- **What is required**
Leaving pictures out, repeat word for word the line that has "under the License." and each line that follows it to the end of the listing.

☆ ☆ ☆ ☆

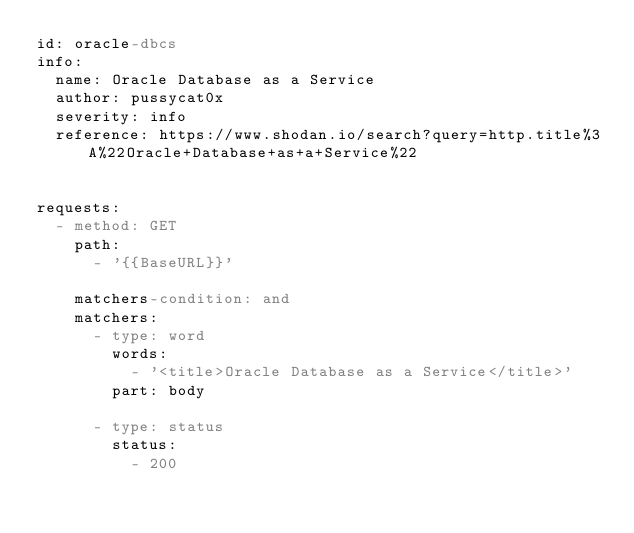Convert code to text. <code><loc_0><loc_0><loc_500><loc_500><_YAML_>id: oracle-dbcs
info:
  name: Oracle Database as a Service
  author: pussycat0x
  severity: info
  reference: https://www.shodan.io/search?query=http.title%3A%22Oracle+Database+as+a+Service%22
 

requests:
  - method: GET
    path:
      - '{{BaseURL}}'

    matchers-condition: and
    matchers:
      - type: word
        words:
          - '<title>Oracle Database as a Service</title>'
        part: body

      - type: status
        status:
          - 200
</code> 
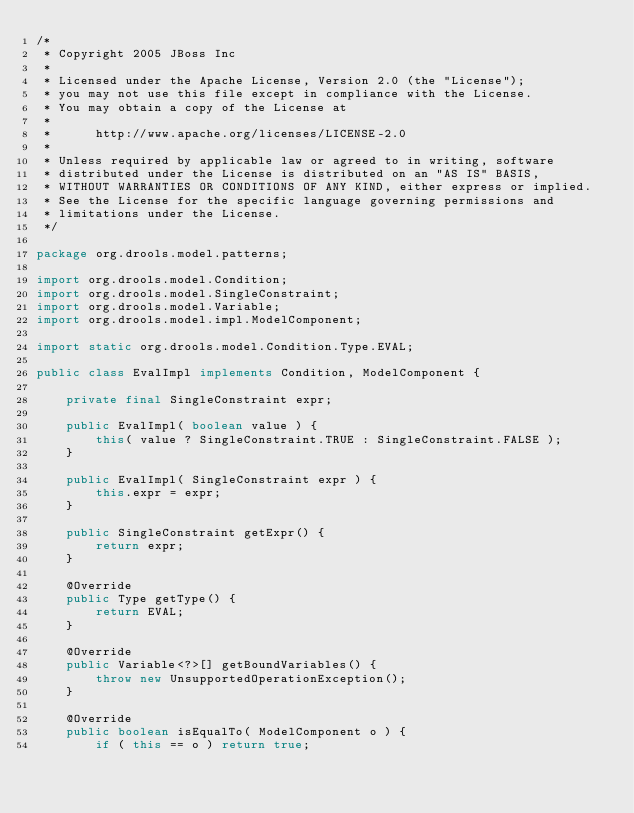<code> <loc_0><loc_0><loc_500><loc_500><_Java_>/*
 * Copyright 2005 JBoss Inc
 *
 * Licensed under the Apache License, Version 2.0 (the "License");
 * you may not use this file except in compliance with the License.
 * You may obtain a copy of the License at
 *
 *      http://www.apache.org/licenses/LICENSE-2.0
 *
 * Unless required by applicable law or agreed to in writing, software
 * distributed under the License is distributed on an "AS IS" BASIS,
 * WITHOUT WARRANTIES OR CONDITIONS OF ANY KIND, either express or implied.
 * See the License for the specific language governing permissions and
 * limitations under the License.
 */

package org.drools.model.patterns;

import org.drools.model.Condition;
import org.drools.model.SingleConstraint;
import org.drools.model.Variable;
import org.drools.model.impl.ModelComponent;

import static org.drools.model.Condition.Type.EVAL;

public class EvalImpl implements Condition, ModelComponent {

    private final SingleConstraint expr;

    public EvalImpl( boolean value ) {
        this( value ? SingleConstraint.TRUE : SingleConstraint.FALSE );
    }

    public EvalImpl( SingleConstraint expr ) {
        this.expr = expr;
    }

    public SingleConstraint getExpr() {
        return expr;
    }

    @Override
    public Type getType() {
        return EVAL;
    }

    @Override
    public Variable<?>[] getBoundVariables() {
        throw new UnsupportedOperationException();
    }

    @Override
    public boolean isEqualTo( ModelComponent o ) {
        if ( this == o ) return true;</code> 
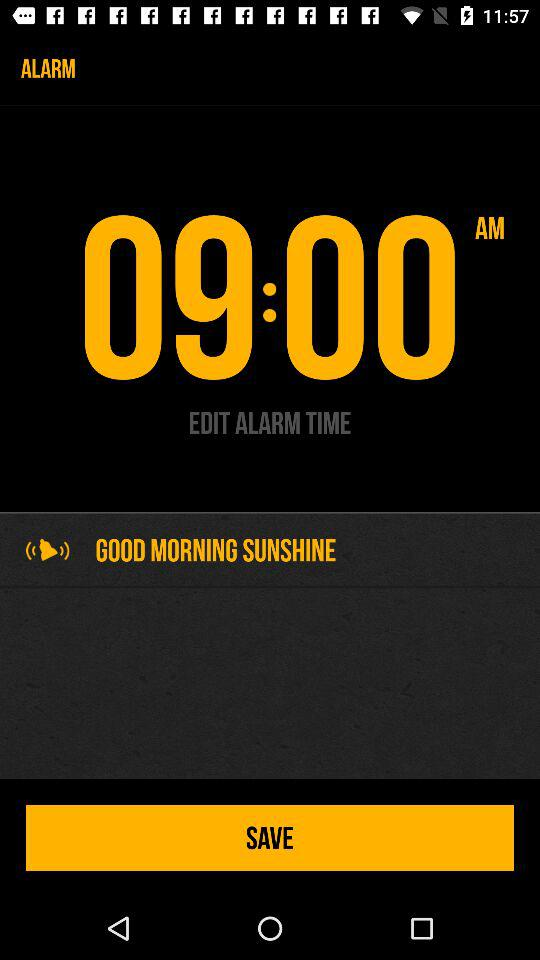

☆ ☆ ☆ ☆

- **The answer**
 * limitations under the License.
 */

package org.drools.model.patterns;

import org.drools.model.Condition;
import org.drools.model.SingleConstraint;
import org.drools.model.Variable;
import org.drools.model.impl.ModelComponent;

import static org.drools.model.Condition.Type.EVAL;

public class EvalImpl implements Condition, ModelComponent {

    private final SingleConstraint expr;

    public EvalImpl( boolean value ) {
        this( value ? SingleConstraint.TRUE : SingleConstraint.FALSE );
    }

    public EvalImpl( SingleConstraint expr ) {
        this.expr = expr;
    }

    public SingleConstraint getExpr() {
        return expr;
    }

    @Override
    public Type getType() {
        return EVAL;
    }

    @Override
    public Variable<?>[] getBoundVariables() {
        throw new UnsupportedOperationException();
    }

    @Override
    public boolean isEqualTo( ModelComponent o ) {
        if ( this == o ) return true;</code> 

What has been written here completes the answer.